Â
Belum lama ini, Bupati Purwakarta Dedi Mulyadi menyampaikan keluhan aparatnya. "Ada oknum wartawan yang membawa alat ukur untuk mengukur ketebalan pekerjaan pemasangan baja ringan di sekolah atau bangunan pemerintah padahal mereka itu bukan pemeriksa," ujarnya di Pikiran Rakyat, 9 Oktober 2015.Â
Kisah itu dari sekian banyak keluhan masyarakat terhadap wartawan dan pers. Padahal jelas orang yang dikeluhkan itu bukan wartawan. Apa pula urusannya wartawan membawa alat ukur. Orang itu termasuk rumpun 'wartawan bodrex', orang yang menggunakan nama wartawan untuk memeras.
Kenapa disebut 'wartawan bodrex' ? Apa pula hubungannya dengan bodrex, obat sakit kepala? Tetapi ada yang bilang mungkin juga kedekatannya. Bodrex adalah obat sakit kepala dan 'wartawan bodrex' membuat pejabat sakit kepala. Istilah 'wartawan bodrex' atau 'pasukan bodrex' sudah dikenal sejak lama. Belakangan muncul istilah lainnya seperti 'wartawan muntaber (muncul tanpa berita)', 'WTS (wartawan tanpa surat kabar)', wartawan amplop, 'wartawan CNN (cuma nanya nanya)', wargad (wartawan gadungan), dan wartawan abal-abal. Dari sekian istilah tersebut, paling banyak dibicarakan adalah 'wartawan bodrex' dan 'pasukan bodrex'.
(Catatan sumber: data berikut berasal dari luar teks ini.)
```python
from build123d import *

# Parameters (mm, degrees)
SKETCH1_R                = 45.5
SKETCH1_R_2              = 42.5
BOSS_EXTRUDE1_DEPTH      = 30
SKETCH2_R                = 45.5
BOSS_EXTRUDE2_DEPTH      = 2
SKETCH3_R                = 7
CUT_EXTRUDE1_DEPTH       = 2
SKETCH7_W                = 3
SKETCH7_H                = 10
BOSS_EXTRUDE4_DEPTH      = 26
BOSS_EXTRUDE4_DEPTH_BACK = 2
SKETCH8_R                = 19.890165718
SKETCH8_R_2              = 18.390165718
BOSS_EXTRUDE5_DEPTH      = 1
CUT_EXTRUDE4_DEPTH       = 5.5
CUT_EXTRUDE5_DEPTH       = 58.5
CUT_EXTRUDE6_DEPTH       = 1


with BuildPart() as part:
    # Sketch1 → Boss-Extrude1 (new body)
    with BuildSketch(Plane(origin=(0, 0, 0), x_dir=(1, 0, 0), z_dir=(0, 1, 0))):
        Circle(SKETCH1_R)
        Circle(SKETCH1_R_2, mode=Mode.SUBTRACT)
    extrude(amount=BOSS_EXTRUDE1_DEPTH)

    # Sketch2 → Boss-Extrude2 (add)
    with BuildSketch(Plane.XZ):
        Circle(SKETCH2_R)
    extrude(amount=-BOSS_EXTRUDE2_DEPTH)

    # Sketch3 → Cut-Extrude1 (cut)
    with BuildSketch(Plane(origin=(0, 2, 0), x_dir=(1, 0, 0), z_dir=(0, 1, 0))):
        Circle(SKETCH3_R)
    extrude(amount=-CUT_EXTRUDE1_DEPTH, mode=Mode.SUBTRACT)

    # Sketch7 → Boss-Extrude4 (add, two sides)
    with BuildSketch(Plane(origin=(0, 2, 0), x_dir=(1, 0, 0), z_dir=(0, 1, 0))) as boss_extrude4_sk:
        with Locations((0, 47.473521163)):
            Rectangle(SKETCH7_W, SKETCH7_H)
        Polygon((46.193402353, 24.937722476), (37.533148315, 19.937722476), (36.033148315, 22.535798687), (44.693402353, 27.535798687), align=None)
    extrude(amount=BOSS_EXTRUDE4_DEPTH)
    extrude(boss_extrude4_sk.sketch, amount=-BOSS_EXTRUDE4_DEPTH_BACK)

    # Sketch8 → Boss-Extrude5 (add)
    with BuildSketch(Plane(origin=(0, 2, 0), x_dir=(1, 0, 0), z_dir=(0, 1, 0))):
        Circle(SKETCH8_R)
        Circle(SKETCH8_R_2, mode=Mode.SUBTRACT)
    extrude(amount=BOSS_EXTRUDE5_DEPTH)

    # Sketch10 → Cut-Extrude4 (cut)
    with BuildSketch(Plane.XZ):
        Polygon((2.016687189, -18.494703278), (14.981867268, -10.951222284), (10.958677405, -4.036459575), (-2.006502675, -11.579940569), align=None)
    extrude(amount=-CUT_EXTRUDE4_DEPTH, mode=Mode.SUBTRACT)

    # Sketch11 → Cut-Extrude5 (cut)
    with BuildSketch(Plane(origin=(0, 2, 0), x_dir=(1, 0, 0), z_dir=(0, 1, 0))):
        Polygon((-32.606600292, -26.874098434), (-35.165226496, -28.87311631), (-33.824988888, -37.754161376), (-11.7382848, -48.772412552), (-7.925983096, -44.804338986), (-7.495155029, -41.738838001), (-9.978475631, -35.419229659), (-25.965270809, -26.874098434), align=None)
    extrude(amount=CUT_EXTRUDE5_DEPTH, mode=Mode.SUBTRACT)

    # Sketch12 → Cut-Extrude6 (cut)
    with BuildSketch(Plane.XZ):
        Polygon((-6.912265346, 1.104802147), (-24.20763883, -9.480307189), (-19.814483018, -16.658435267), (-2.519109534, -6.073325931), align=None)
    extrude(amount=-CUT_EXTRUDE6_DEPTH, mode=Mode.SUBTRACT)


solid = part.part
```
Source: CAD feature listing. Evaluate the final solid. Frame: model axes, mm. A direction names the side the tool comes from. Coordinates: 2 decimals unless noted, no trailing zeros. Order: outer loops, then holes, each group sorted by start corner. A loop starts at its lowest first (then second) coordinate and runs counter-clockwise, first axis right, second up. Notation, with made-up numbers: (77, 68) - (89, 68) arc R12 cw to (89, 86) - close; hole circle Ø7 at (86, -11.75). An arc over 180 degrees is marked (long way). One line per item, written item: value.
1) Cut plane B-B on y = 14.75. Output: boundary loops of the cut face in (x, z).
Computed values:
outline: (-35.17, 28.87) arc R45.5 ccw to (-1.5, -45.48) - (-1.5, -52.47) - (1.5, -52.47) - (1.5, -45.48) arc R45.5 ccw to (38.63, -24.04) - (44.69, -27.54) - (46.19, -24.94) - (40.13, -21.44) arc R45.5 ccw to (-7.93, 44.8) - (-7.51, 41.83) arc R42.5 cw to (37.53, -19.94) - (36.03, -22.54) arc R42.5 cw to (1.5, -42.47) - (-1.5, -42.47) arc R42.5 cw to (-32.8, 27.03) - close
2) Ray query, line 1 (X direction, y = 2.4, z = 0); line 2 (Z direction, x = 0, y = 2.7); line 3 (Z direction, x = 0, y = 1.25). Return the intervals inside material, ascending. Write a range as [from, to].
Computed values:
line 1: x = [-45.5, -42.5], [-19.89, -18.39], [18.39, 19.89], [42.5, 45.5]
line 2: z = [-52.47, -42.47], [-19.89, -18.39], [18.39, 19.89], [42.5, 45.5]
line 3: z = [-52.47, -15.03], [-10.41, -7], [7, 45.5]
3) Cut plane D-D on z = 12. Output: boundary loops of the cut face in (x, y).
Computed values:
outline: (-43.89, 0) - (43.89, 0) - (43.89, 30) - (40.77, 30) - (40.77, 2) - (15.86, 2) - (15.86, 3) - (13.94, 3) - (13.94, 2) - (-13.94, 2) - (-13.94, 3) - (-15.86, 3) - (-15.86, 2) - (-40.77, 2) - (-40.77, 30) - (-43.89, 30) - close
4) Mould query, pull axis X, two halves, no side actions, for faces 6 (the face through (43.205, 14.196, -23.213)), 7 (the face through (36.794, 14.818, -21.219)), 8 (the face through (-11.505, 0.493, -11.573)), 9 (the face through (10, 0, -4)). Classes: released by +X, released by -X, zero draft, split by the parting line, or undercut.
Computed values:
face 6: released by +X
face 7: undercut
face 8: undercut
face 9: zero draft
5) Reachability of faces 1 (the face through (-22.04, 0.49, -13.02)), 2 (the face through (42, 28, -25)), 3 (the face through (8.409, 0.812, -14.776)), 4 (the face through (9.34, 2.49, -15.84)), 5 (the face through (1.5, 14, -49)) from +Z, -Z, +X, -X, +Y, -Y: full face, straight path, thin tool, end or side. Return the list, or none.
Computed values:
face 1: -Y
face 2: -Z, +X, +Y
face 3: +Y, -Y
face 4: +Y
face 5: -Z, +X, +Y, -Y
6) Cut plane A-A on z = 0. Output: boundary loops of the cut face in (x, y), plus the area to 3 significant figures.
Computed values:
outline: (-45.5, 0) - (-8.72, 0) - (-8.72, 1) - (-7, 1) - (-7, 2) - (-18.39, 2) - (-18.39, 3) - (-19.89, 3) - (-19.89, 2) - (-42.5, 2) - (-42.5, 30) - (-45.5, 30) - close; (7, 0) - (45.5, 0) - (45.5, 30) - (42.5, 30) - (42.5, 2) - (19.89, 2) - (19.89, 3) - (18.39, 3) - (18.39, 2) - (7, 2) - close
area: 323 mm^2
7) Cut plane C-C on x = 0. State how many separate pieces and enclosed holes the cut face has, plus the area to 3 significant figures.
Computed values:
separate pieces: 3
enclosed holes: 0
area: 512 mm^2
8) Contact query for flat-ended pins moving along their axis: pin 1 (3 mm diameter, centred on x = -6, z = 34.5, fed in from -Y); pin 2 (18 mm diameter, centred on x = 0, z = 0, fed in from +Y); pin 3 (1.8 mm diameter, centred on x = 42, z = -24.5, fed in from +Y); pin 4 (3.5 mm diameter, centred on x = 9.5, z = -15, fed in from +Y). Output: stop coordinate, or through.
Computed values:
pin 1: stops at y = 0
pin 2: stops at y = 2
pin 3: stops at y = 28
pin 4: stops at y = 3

Lima bulan lalu, saya bertemu dengan wartawan senior dan Penasehat PWI Pusat, Sofyan Lubis di Kuningan, Jawa Barat. "Saya pernah tanya produsen obat sakit kepala itu, PT Tempo Scan Pasifik Tbk," ungkapnya. Beliau mengutip pernyataan Managing Director Pharma, Paulus Harianto, "Kami sangat tidak setuju dan dengan tegas menolak istilah dengan konotasi yang negatif dan dikaitkan dngan nama bodrex," kata Paulus. Begitu pun ia mengaku mendengar istilah 'wartawan bodrex' dari para wartawan.
"Kami tidak mengetahui asal muasal dan terbentuknya istilah tersebut serta sejak kapan digunakan di kalangan pers," katanya ketika ditanyakan apakah mengetahui asal muasal istilah tersebut. Ada juga yang mengatakan, karena mereka kalau datang beramai-ramai, maka dibilang 'pasukan bodrex datang'. Seorang jenderal pernah bilang pada wartawan yang datang beramai-ramai, "kayak pasukan bodrex saja kalian."
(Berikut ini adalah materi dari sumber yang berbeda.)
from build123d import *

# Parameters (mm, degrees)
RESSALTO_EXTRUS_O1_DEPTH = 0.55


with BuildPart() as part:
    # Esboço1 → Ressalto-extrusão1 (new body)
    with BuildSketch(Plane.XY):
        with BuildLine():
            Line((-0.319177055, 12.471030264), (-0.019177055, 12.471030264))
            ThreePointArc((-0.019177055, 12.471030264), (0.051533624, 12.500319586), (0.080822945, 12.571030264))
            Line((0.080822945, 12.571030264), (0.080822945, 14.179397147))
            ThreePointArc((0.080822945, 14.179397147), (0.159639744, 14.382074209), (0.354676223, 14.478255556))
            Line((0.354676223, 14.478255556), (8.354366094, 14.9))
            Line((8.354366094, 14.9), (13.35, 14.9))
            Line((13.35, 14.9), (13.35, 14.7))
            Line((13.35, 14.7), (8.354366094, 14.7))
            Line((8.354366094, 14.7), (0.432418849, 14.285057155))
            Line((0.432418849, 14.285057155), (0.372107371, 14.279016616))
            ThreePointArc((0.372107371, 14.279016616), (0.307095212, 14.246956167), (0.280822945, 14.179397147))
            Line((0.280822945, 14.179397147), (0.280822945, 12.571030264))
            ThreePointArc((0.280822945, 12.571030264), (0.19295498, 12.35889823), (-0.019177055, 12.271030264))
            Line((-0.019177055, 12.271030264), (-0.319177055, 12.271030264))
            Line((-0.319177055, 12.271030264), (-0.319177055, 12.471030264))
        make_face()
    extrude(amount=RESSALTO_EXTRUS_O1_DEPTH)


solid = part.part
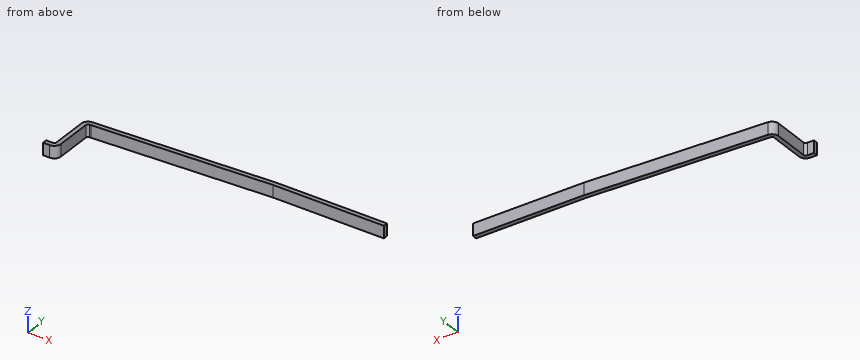
The listing builds one solid part. Answer for the finished solid, in the listing's coordinates (mm). Round coordinates to 2 decimals unless told otherwise and drop trailing zeros. Write each loop counter-clockwise with the first axis right and the second up, starting at its lowest first coordinate (ties: lowest second). Pieces come first, ordered by that corner, then holes. Notation, with made-up numbers: M 62.5,88 L 114.5,88 A22 cw 114.5,121 Z; hole C 5.5,51 d4. An arc over 180 degrees is marked long. Write each question's results on one line, items separated by ' | '. Start each with the question number.
Item 1: Find section A-A on z = 0.1. Write down the section's boundary in (x, y).
Item 2: Find section B-B on x = 9.75. Write down the section's boundary in (y, z), and give its area (3 significant figures).
Item 3: Find section C-C on y = 12.85. Write down the section's boundary in (x, z).
Item 4: Straight lines are drawn through the part: probe 1 along Y at (x, z) = (12.5, 0.2); probe 2 along X at (y, z) = (14, 0.5); probe 3 along Y at (x, z) = (0.5, 0.35). For each, find the intervals that lie inside material, in ascending order.
Answer block:
1) outline: M -0.32,12.27 L -0.02,12.27 A0.3 ccw 0.28,12.57 L 0.28,14.18 A0.1 cw 0.37,14.28 L 0.43,14.29 L 8.35,14.7 L 13.35,14.7 L 13.35,14.9 L 8.35,14.9 L 0.35,14.48 A0.3 ccw 0.08,14.18 L 0.08,12.57 A0.1 cw -0.02,12.47 L -0.32,12.47 Z
2) outline: M 14.7,0 L 14.9,0 L 14.9,0.55 L 14.7,0.55 Z | area: 0.110 mm²
3) outline: M 0.08,0 L 0.28,0 L 0.28,0.55 L 0.08,0.55 Z
4) probe 1: y = 14.7 to 14.9 | probe 2: x = 0.08 to 0.28 | probe 3: y = 14.29 to 14.49

Lebih lanjut, ungkap Sofyan Lubis, barangkali yang mendekati kebenaran adalah cerita beberapa wartawan yang biasa meliput di Pengadilan Negeri Jakarta Pusat sekitar tahun 1980-an. Gedung Pengadilan Negeri Jakarta Pusat terletak di Jalan Gajah Mada, dan sampai sekarang masih ada.
Persis di seberang Gedung Pengadilan Negeri Jakarta Pusat, Jalan Hayam Wuruk terdapat sebuah hotel 'P'. Diantara Jalan Gajah Mada dan Jalan Hayam Wuruk ada sungai Ciliwung. 'Di hotel itu setiap hari biasanya berkumpul beberapa orang yang mengaku wartawan. Umumnya mereka berpakaian safari, membawa tas kecil berwarna hitam dan handy talkie, Saat itu belum dikenal telepon genggam," jelasnya.
Wartawan yang biasa meliput di Gedung Pengadilan Negeri Jakarta Pusat, sering melihat sekelompok orang itu keluar dari hotel 'P' secara beramai-ramai, layaknya pasukan. Kebetulan pada masa-masa itu sedang gencarnya iklan bodrex, obat sakit kepala melalui radio dan televisi. Iklan di televisi dalam bentuk animasi menggambarkan lapisan tablet berwarna sedang berjalan diiringi suara, "pasukan bodrex datang" disertai suara musik. Jingle iklan tersebut boleh dikatakan menguasai sejumlah radio dan televisi. Boleh dibilang iklan itu berhasil. Masyarakat menjadi "demam".
Begitu melihat rombongan tersebut bergerak, diantara wartawan di Gedung Pengadilan Negeri Jakarta Pusat, mengatakan, "pasukan bodrex menyerang".
Sejak saat itu, sebutan tersebut melekat bagi wartawan yang suka memeras, dan menjalar kemana-mana.